« 中山カオルのルーツ | トップページ | 普通の人 »

2009年8月26日 (水)

なぜ建築なのか

「なぜプロレスじゃなくて建築なの?」と付き合いの長い友人から、このブログについて指摘がありました。彼の知っている「中山カオル」の構成要素に、プロレスや映画や音楽はあっても建築はないということでした。これではパーソナリティーを反映していない、と。確かにこれまで、建築への興味についてはあまり語ってきませんでした。

ブログを始めるにあたって、建築をテーマの一つにしようと考えたのには二つの理由があります。一つは、就きたい職業として初めて意識したのが建築士だったということ。もう一つは、昨年まで印刷物をレイアウトする仕事をしていましたがその現場から離れてしまったこと、です。

一つ目の理由は、30年以上前の小学生になるかならいかのころのことです。もちろんそれまでにもプロ野球の選手などにあこがれてはいましたが、現実的な夢として建物を設計する仕事をしたいなと思っていました。借家暮らしの長かったわが家では、両親が「いつか自分たちの家を持ちたい」とよく話してしていました。そのころは経済的に苦しい時期だったようで、ぼくの持っていたおもちゃはダイヤブロックとグローブくらいでした。ぼくは家族の夢を実現すべくブロックでプランづくりというか、家ばかり作って遊んでいました。こんな家ができたよ、という具合に。なにしろ(最近の子どもと違って)おもちゃが少ないので、与えられたブロックを駆使してありとあらゆるパターンの間取りと外観を考えました。限られた材料とスペースで何が作れるか、そんなことを考えるのがとても楽しかったことを覚えています。そして、いつか自分の家を自分で設計してみたいと思うようになりました。建築士になる夢はかないませんでしたが、3年前、自宅を新築するときにある設計事務所の建築家たちと出会いました。彼らの仕事ぶりを見ていると30年以上前の夢がよみがえり、再び建物に意識が向くようになりました(もっともそれまでもテレビ朝日系の「渡辺篤史の建もの探訪」はほとんど欠かさず見ていましたが)。当時の間取りや広さへの関心(とくに「自分の部屋」というものにあこがれがありました)とは違って、現在ではデザインや歴史的な背景に興味の重心を置いています。そういった意味でもモダニズム建築と呼ばれる丹下健三らの仕事にはいつも圧倒されます。

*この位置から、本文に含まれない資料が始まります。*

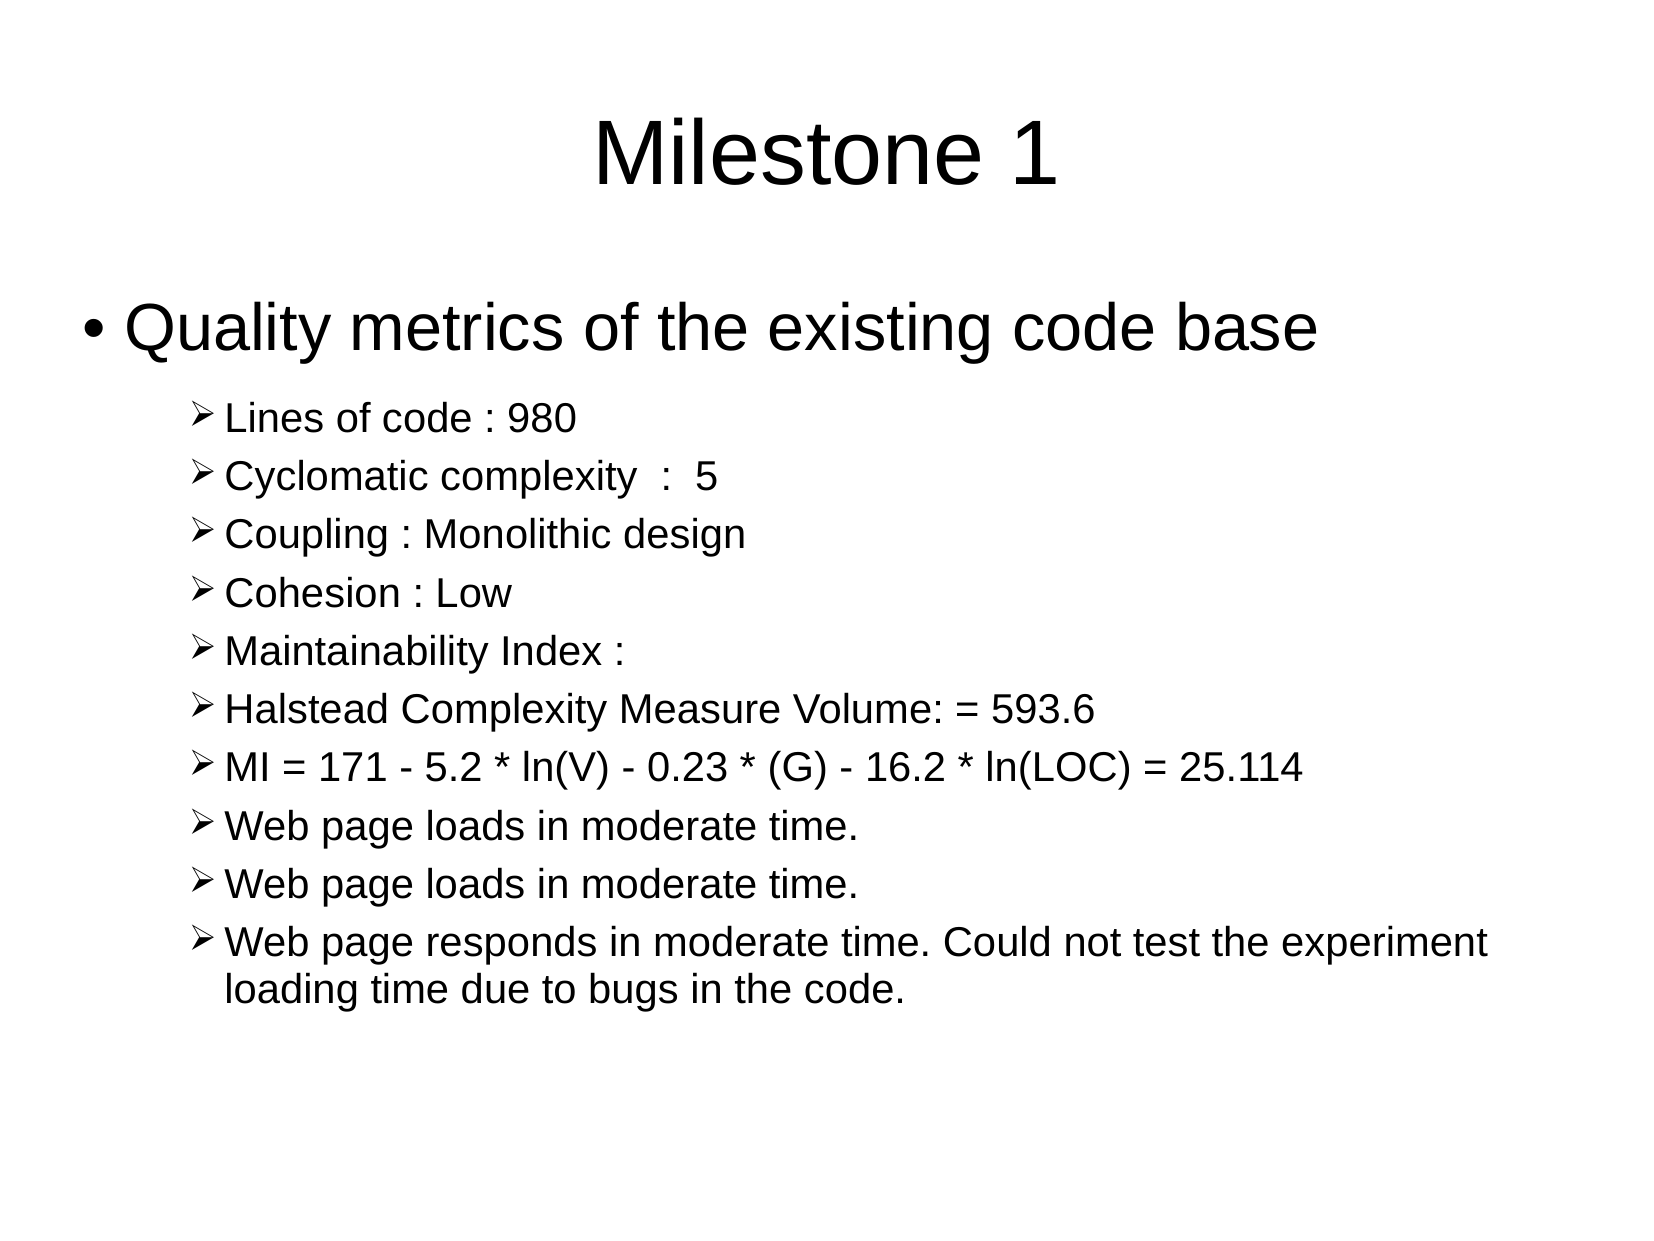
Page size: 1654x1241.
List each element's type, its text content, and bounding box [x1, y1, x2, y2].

title Milestone 1 [82, 49, 1571, 257]
list • Quality metrics of the existing code base Lines of code : 980 Cyclomatic complexity : 5 Coupling : Monolithic design Cohesion : Low Maintainability Index : Halstead Complexity Measure Volume: = 593.6 MI = 171 - 5.2 * ln(V) - 0.23 * (G) - 16.2 * ln(LOC) = 25.114 Web page loads in moderate time. Web page loads in moderate time. Web page responds in moderate time. Could not test the experiment loading time due to bugs in the code. [82, 290, 1571, 1010]
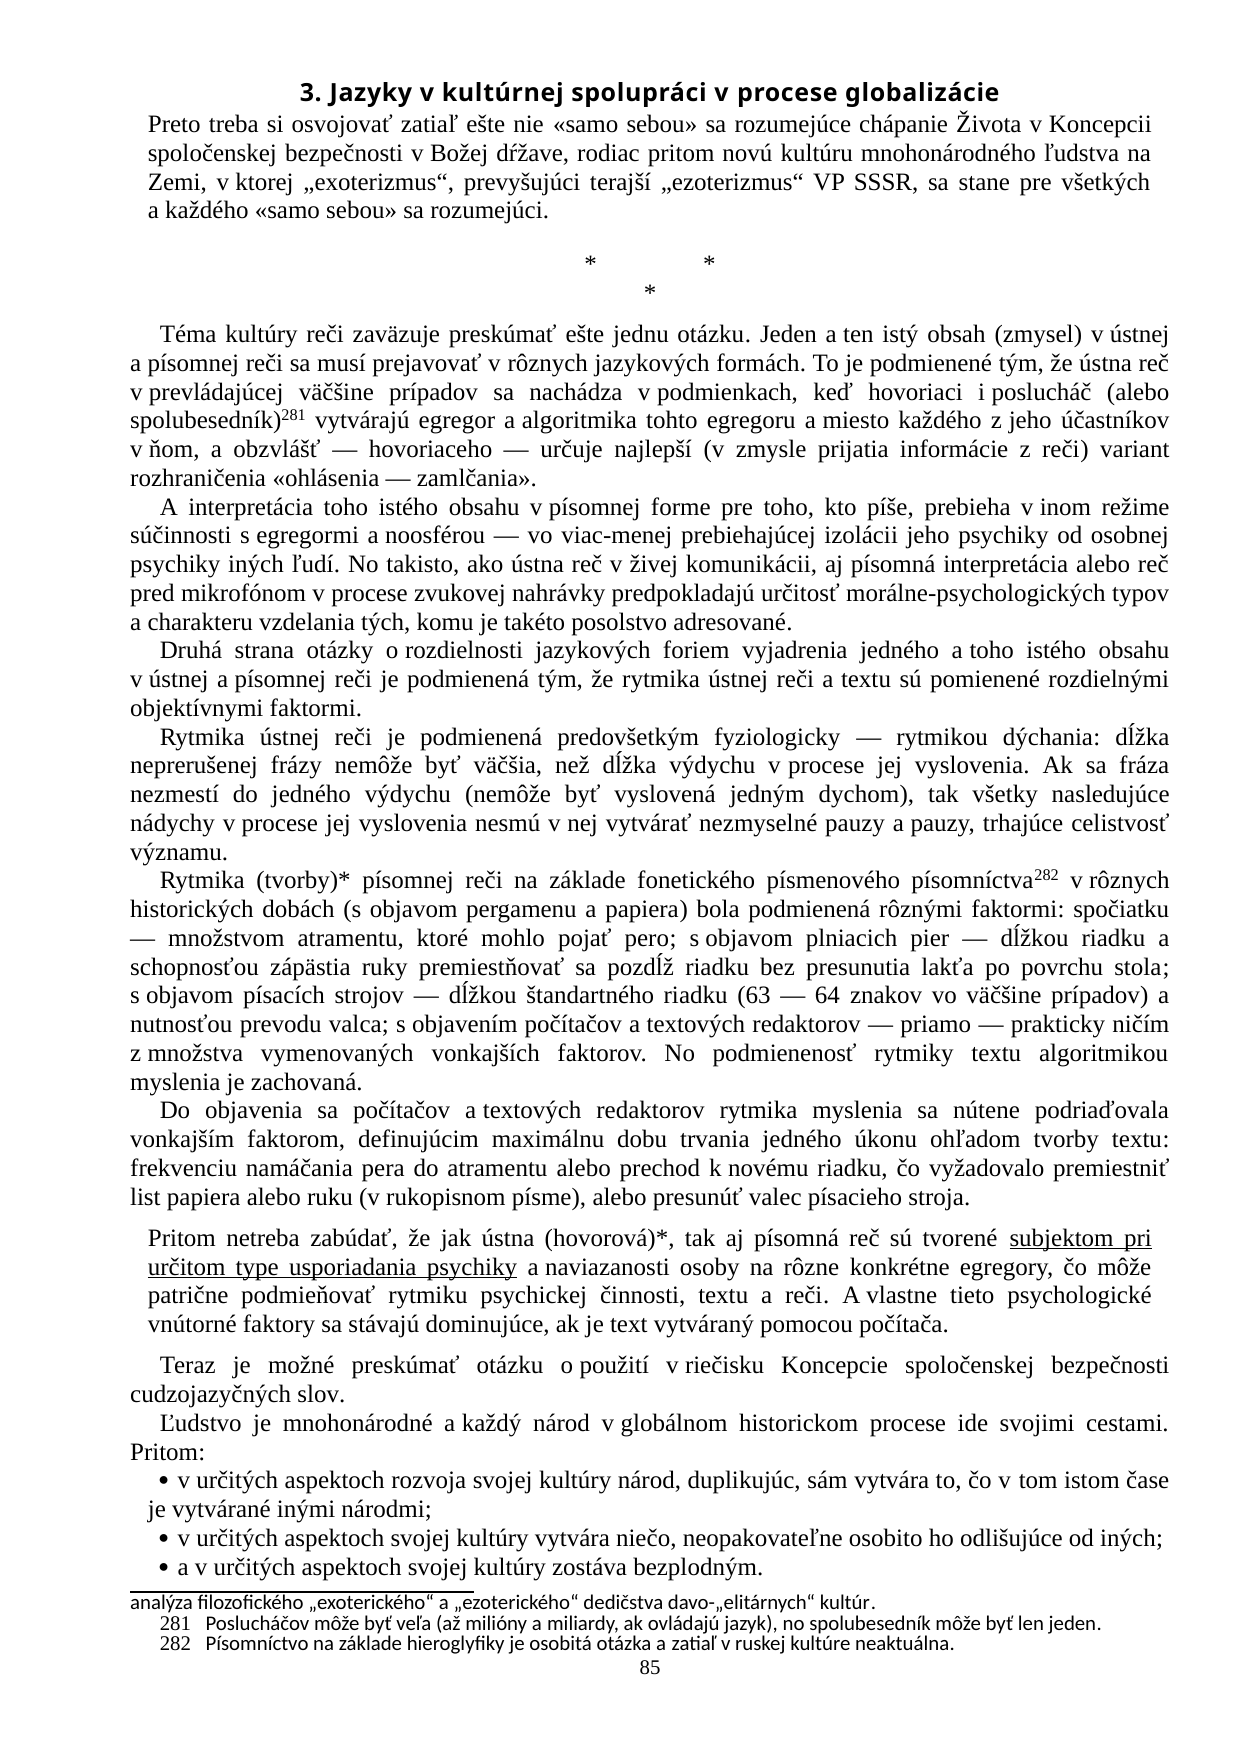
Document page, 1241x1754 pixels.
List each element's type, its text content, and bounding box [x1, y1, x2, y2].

text Do objavenia sa počítačov a textových redaktorov rytmika myslenia sa nútene podriaďovala vonkajším faktorom, definujúcim maximálnu dobu trvania jedného úkonu ohľadom tvorby textu: frekvenciu namáčania pera do atramentu alebo prechod k novému riadku, čo vyžadovalo premiestniť list papiera alebo ruku (v rukopisnom písme), alebo presunúť valec písacieho stroja. [130, 1095, 1169, 1210]
text Теraz je možné preskúmať otázku o použití v riečisku Koncepcie spoločenskej bezpečnosti cudzojazyčných slov. [130, 1350, 1169, 1408]
list v určitých aspektoch svojej kultúry vytvára niečo, neopakovateľne osobito ho odlišujúce od iných; [130, 1523, 1169, 1552]
text Ľudstvo je mnohonárodné a každý národ v globálnom historickom procese ide svojimi cestami. Pritom: [130, 1408, 1169, 1465]
text Druhá strana otázky o rozdielnosti jazykových foriem vyjadrenia jedného a toho istého obsahu v ústnej a písomnej reči je podmienená tým, že rytmika ústnej reči a textu sú pomienené rozdielnými objektívnymi faktormi. [130, 635, 1169, 722]
text А interpretácia toho istého obsahu v písomnej forme pre toho, kto píše, prebieha v inom režime súčinnosti s egregormi a noosférou — vo viac-menej prebiehajúcej izolácii jeho psychiky od osobnej psychiky iných ľudí. No takisto, ako ústna reč v živej komunikácii, aj písomná interpretácia alebo reč pred mikrofónom v procese zvukovej nahrávky predpokladajú určitosť morálne-psychologických typov a charakteru vzdelania tých, komu je takéto posolstvo adresované. [130, 492, 1169, 635]
text Тéma kultúry reči zaväzuje preskúmať ešte jednu otázku. Jeden a ten istý obsah (zmysel) v ústnej a písomnej reči sa musí prejavovať v rôznych jazykových formách. To je podmienené tým, že ústna reč v prevládajúcej väčšine prípadov sa nachádza v podmienkach, keď hovoriaci i poslucháč (alebo spolubesedník) vytvárajú egregor a algoritmika tohto egregoru a miesto každého z jeho účastníkov v ňom, a obzvlášť — hovoriaceho — určuje najlepší (v zmysle prijatia informácie z reči) variant rozhraničenia «оhlásenia — zamlčania». [130, 319, 1169, 492]
text Rytmika ústnej reči je podmienená predovšetkým fyziologicky — rytmikou dýchania: dĺžka neprerušenej frázy nemôže byť väčšia, než dĺžka výdychu v procese jej vyslovenia. Ak sa fráza nezmestí do jedného výdychu (nemôže byť vyslovená jedným dychom), tak všetky nasledujúce nádychy v procese jej vyslovenia nesmú v nej vytvárať nezmyselné pauzy a pauzy, trhajúce celistvosť významu. [130, 722, 1169, 865]
text * * * [130, 249, 1169, 307]
text Poslucháčov môže byť veľa (až milióny a miliardy, ak ovládajú jazyk), no spolubesedník môže byť len jeden. [130, 1613, 1169, 1634]
text Písomníctvo na základe hieroglyfiky je osobitá otázka a zatiaľ v ruskej kultúre neaktuálna. [130, 1634, 1169, 1655]
text Preto treba si osvojovať zatiaľ ešte nie «samo sebou» sa rozumejúce chápanie Života v Koncepcii spoločenskej bezpečnosti v Božej dŕžave, rodiac pritom novú kultúru mnohonárodného ľudstva na Zemi, v ktorej „exoterizmus“, prevyšujúci terajší „ezoterizmus“ VP SSSR, sa stane pre všetkých a každého «samo sebou» sa rozumejúci. [148, 109, 1152, 224]
list а v určitých aspektoch svojej kultúry zostáva bezplodným. [130, 1552, 1169, 1580]
text analýza filozofického „exoterického“ a „ezoterického“ dedičstva davo-„elitárnych“ kultúr. [130, 1592, 1169, 1613]
text Pritom netreba zabúdať, že jak ústna (hovorová)*, tak aj písomná reč sú tvorené subjektom pri určitom type usporiadania psychiky a naviazanosti osoby na rôzne konkrétne egregory, čo môže patrične podmieňovať rytmiku psychickej činnosti, textu a reči. A vlastne tieto psychologické vnútorné faktory sa stávajú dominujúce, ak je text vytváraný pomocou počítača. [148, 1223, 1152, 1338]
text Rytmika (tvorby)* písomnej reči na základe fonetického písmenového písomníctva v rôznych historických dobách (s objavom pergamenu a papiera) bola podmienená rôznými faktormi: spočiatku — množstvom atramentu, ktoré mohlo pojať pero; s objavom plniacich pier — dĺžkou riadku a schopnosťou zápästia ruky premiestňovať sa pozdĺž riadku bez presunutia lakťa po povrchu stola; s objavom písacích strojov — dĺžkou štandartného riadku (63 — 64 znakov vo väčšine prípadov) a nutnosťou prevodu valca; s objavením počítačov a textových redaktorov — priamo — prakticky ničím z množstva vymenovaných vonkajších faktorov. No podmienenosť rytmiky textu algoritmikou myslenia je zachovaná. [130, 865, 1169, 1095]
list v určitých aspektoch rozvoja svojej kultúry národ, duplikujúc, sám vytvára to, čo v tom istom čase je vytvárané inými národmi; [130, 1465, 1169, 1523]

もう一つの理由ですが、印刷物をレイアウトするという仕事は、実は建築士のそれとよく似ています。限られた紙面(敷地)に、いかに読みやすく(住みやすく)必要な情報(部屋)を配置するか。それと同時に目を引くデザイン性を確保できるか。そして、両者とも図面を引くことが仕事の中心となります。さすがに現在では実際に「引く」ことはなくパソコンの画面上での作業となりますが、頭の中のアイデアを具現化するための手段として図面を作成しています。その現場を離れて、他の人の仕事を見ていると「このスペースの処理に困ったな」と同情してみたり、「こんな方法があったんだ」と感心してみたりと、もうできないが故に考えるところが増えていきました。そしてデザインや空間の可能性への興味が、印刷物だけにとどまらず、立体的に広がっていきました。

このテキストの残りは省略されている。